» Records shown:

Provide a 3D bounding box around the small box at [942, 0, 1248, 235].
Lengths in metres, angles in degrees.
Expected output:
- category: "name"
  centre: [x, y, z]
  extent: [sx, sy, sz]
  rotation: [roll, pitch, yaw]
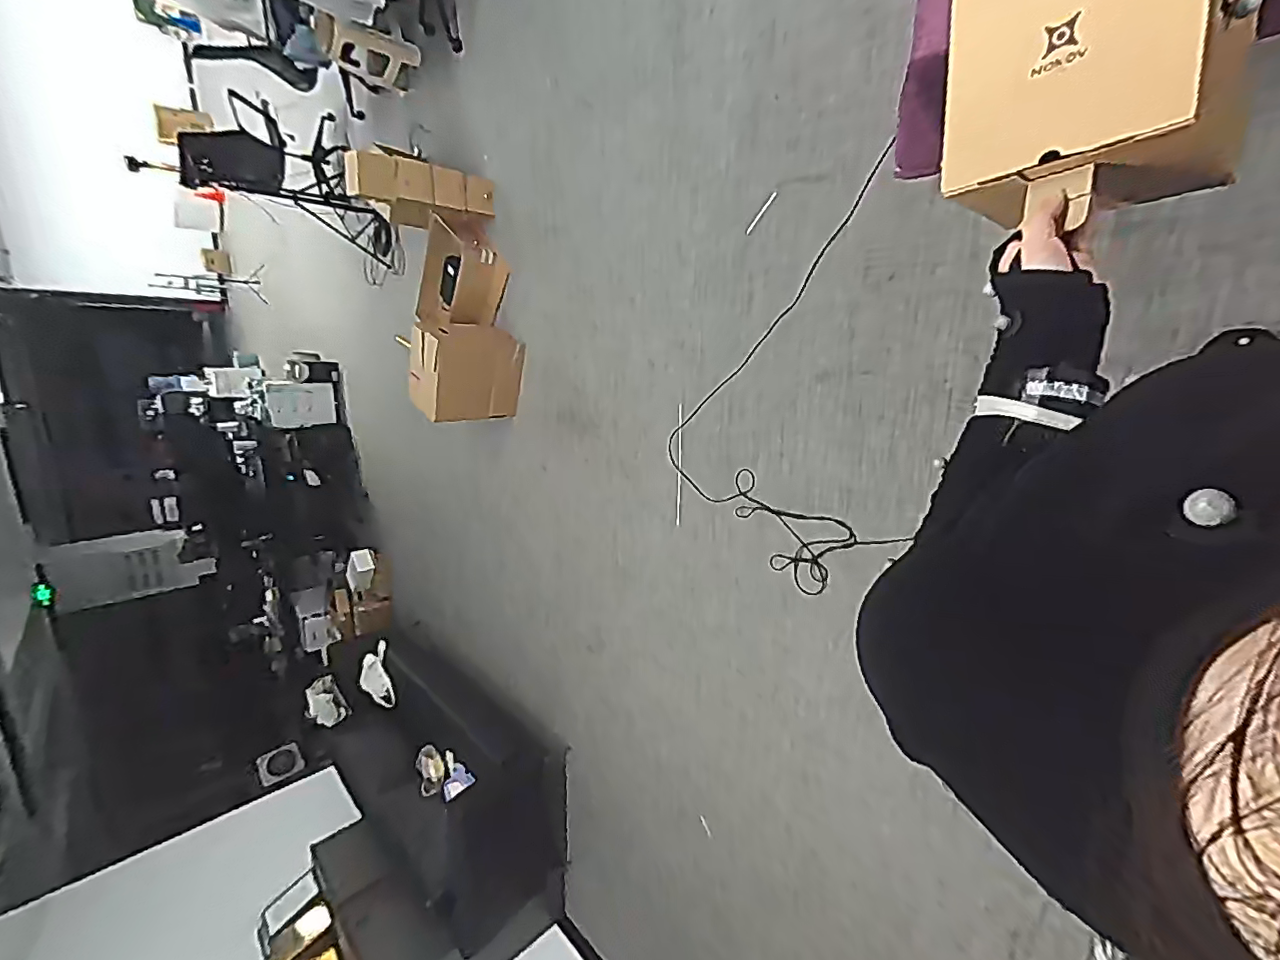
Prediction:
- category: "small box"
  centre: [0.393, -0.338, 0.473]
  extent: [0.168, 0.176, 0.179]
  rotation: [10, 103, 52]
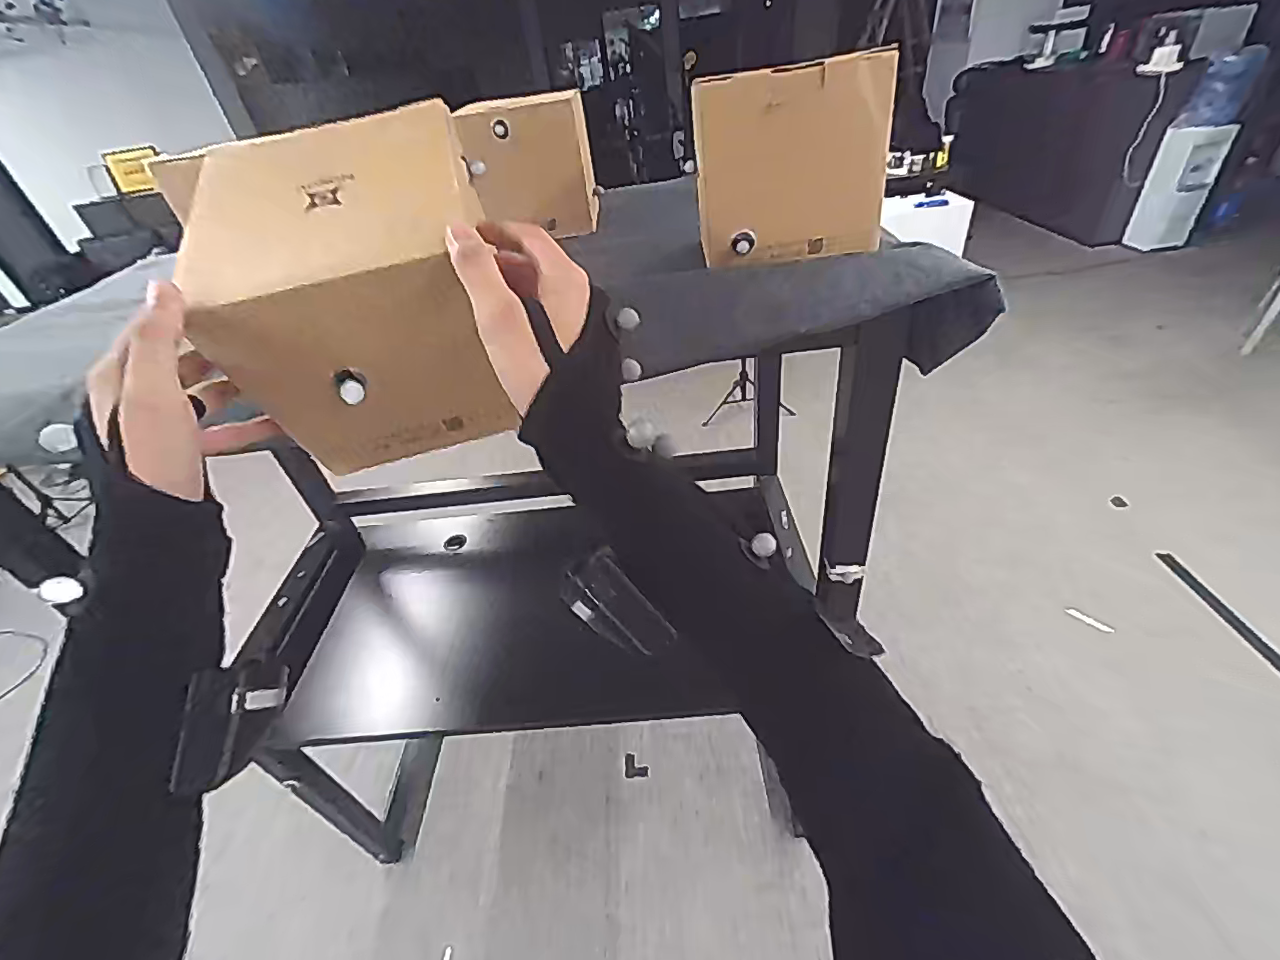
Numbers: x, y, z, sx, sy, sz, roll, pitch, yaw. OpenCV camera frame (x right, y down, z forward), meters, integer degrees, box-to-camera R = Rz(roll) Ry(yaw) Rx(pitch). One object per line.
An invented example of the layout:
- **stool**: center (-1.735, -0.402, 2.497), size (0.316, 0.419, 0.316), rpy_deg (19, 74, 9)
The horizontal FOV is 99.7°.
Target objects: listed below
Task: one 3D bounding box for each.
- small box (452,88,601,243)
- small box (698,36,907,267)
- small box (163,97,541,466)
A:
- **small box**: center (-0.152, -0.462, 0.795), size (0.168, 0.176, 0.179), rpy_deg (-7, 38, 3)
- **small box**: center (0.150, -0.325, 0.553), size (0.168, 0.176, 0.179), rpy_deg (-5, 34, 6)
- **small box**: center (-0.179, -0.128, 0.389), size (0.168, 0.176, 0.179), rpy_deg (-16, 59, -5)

==

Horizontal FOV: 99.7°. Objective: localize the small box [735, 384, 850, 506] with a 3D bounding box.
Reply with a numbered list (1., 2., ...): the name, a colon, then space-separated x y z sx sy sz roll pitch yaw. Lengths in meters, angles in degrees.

» Directions: Pull out every line holding "with" from the records above, and copy it.

» Written solution:
Horizontal FOV: 99.7°. Objective: localize the small box [735, 384, 850, 506] with a 3D bounding box.
Reply with a numbered list (1., 2., ...): the name, a colon, then space-separated x y z sx sy sz roll pitch yaw. Lengths in meters, angles in degrees.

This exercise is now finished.